Tough Week for Security on the Internet

A bunch of items that are sitting on a motorcycle

Have you ever had a week where you want to throw your computer in the trash?  Well, for security-minded netizens, this might have been one of those weeks.  This week has seen two major security issues surface that impact a large number of the internet's users.

Google Finds a SHA1 Collision - First blow to Security

The first exploit this week, you can thank Google for disclosing.  SHA1, which is one of the tools available to run a "hash" on files, has encountered the first ever documented collision.  "Why does this matter?" I hear you saying.

One reason this is an issue is because a SHA1 hash is commonly used to check that a file has not been changed or modified.  Even adding an extra space completely changes the SHA1 value of a file and now that Google has proven it is possible to effectively forge the SHA1 hash,  malicious users can now, given enough processing power, inject dangerous code into a file and have it pass SHA1 hash checks.

Another issue that stems from this exploit is password validation for some sites.  SHA1 was considered to be superior to MD5 (another hash algorithm) because it had not yet had a hash collision, but it is still considered a lazy way to do password encryption.  Going into proper methods for encrypting password hashes is a topic for another blog post, but suffice it to say, while it was not best practices, many sites and providers used SHA1 for the speed.

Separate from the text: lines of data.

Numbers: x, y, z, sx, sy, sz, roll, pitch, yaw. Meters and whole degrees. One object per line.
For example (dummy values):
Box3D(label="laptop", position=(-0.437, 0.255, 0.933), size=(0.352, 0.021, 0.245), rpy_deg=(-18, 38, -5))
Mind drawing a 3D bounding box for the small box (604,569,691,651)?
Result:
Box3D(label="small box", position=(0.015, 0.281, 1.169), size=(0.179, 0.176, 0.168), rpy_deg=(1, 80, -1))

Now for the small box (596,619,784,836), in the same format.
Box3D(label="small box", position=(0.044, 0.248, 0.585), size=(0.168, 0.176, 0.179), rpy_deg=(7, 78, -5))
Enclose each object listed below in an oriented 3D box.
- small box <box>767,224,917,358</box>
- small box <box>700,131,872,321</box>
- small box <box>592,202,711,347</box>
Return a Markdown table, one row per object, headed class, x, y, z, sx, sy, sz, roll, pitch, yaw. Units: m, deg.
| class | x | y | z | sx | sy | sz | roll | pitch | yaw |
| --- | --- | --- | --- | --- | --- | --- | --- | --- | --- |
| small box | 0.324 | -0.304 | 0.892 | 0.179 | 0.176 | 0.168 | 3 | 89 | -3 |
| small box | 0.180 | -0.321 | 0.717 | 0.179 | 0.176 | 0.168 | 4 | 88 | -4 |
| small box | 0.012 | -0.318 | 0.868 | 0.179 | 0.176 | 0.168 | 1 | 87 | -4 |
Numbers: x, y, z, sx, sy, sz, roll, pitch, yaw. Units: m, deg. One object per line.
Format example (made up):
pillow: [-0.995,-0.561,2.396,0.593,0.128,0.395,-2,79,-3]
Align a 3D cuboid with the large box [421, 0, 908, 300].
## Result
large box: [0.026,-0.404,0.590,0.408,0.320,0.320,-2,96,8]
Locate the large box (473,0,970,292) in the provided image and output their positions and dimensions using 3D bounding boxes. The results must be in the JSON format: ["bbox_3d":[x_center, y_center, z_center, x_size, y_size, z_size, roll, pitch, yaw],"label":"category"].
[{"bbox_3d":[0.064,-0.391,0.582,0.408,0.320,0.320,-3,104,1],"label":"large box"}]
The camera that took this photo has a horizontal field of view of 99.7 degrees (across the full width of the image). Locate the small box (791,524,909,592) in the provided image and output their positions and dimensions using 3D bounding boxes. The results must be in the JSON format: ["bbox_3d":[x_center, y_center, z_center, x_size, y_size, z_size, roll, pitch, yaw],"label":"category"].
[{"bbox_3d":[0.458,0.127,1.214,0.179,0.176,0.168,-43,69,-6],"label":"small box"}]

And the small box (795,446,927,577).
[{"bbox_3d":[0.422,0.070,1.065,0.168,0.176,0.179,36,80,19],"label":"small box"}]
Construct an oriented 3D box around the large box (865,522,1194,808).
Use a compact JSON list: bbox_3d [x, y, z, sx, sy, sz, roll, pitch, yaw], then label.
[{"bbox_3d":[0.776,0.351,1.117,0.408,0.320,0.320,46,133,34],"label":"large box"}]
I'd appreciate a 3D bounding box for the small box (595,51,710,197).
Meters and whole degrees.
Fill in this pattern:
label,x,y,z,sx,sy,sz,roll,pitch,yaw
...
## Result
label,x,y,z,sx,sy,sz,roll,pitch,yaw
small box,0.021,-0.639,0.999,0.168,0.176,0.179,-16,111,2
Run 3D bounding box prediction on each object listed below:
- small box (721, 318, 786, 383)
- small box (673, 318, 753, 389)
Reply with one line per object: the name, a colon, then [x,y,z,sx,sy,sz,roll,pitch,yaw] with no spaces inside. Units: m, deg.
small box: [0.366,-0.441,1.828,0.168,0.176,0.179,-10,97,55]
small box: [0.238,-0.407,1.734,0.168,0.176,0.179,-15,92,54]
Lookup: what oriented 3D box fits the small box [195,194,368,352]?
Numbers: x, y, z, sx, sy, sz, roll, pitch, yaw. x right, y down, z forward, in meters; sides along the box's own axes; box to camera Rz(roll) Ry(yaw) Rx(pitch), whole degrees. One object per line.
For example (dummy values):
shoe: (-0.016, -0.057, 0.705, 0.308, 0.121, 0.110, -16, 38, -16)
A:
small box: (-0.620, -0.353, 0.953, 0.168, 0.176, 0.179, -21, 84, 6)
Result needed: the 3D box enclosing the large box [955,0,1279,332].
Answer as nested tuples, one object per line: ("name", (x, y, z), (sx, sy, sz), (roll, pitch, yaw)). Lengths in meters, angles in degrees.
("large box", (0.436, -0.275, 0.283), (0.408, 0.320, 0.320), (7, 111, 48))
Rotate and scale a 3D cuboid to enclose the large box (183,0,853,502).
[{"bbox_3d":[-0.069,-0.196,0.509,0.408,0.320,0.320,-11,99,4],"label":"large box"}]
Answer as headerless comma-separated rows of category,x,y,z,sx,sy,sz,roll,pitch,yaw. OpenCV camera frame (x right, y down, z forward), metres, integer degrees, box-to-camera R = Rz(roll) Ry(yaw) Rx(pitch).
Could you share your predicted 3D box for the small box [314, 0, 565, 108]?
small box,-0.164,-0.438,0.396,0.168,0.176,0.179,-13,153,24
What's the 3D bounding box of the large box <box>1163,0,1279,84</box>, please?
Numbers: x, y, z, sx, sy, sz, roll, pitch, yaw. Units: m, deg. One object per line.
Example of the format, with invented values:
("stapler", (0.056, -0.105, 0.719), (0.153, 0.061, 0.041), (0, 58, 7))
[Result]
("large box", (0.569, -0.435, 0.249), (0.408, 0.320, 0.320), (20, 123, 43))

Any service or system that uses SHA1 is susceptible to this issue, and unfortunately, there is no way to fix SHA1.  Services/Systems will need to upgrade to a different hash algorithm.

This exploit isn't new news.  It has been theoretically possible for a while, and most (if not all) SSL Providers switched from SHA1 to  SHA2 family of functions in January 2016.

Actually taking advantage of this exploit does require an extreme amount of processing, but can be lessened by using GPU Assisted Cracking and Clustering.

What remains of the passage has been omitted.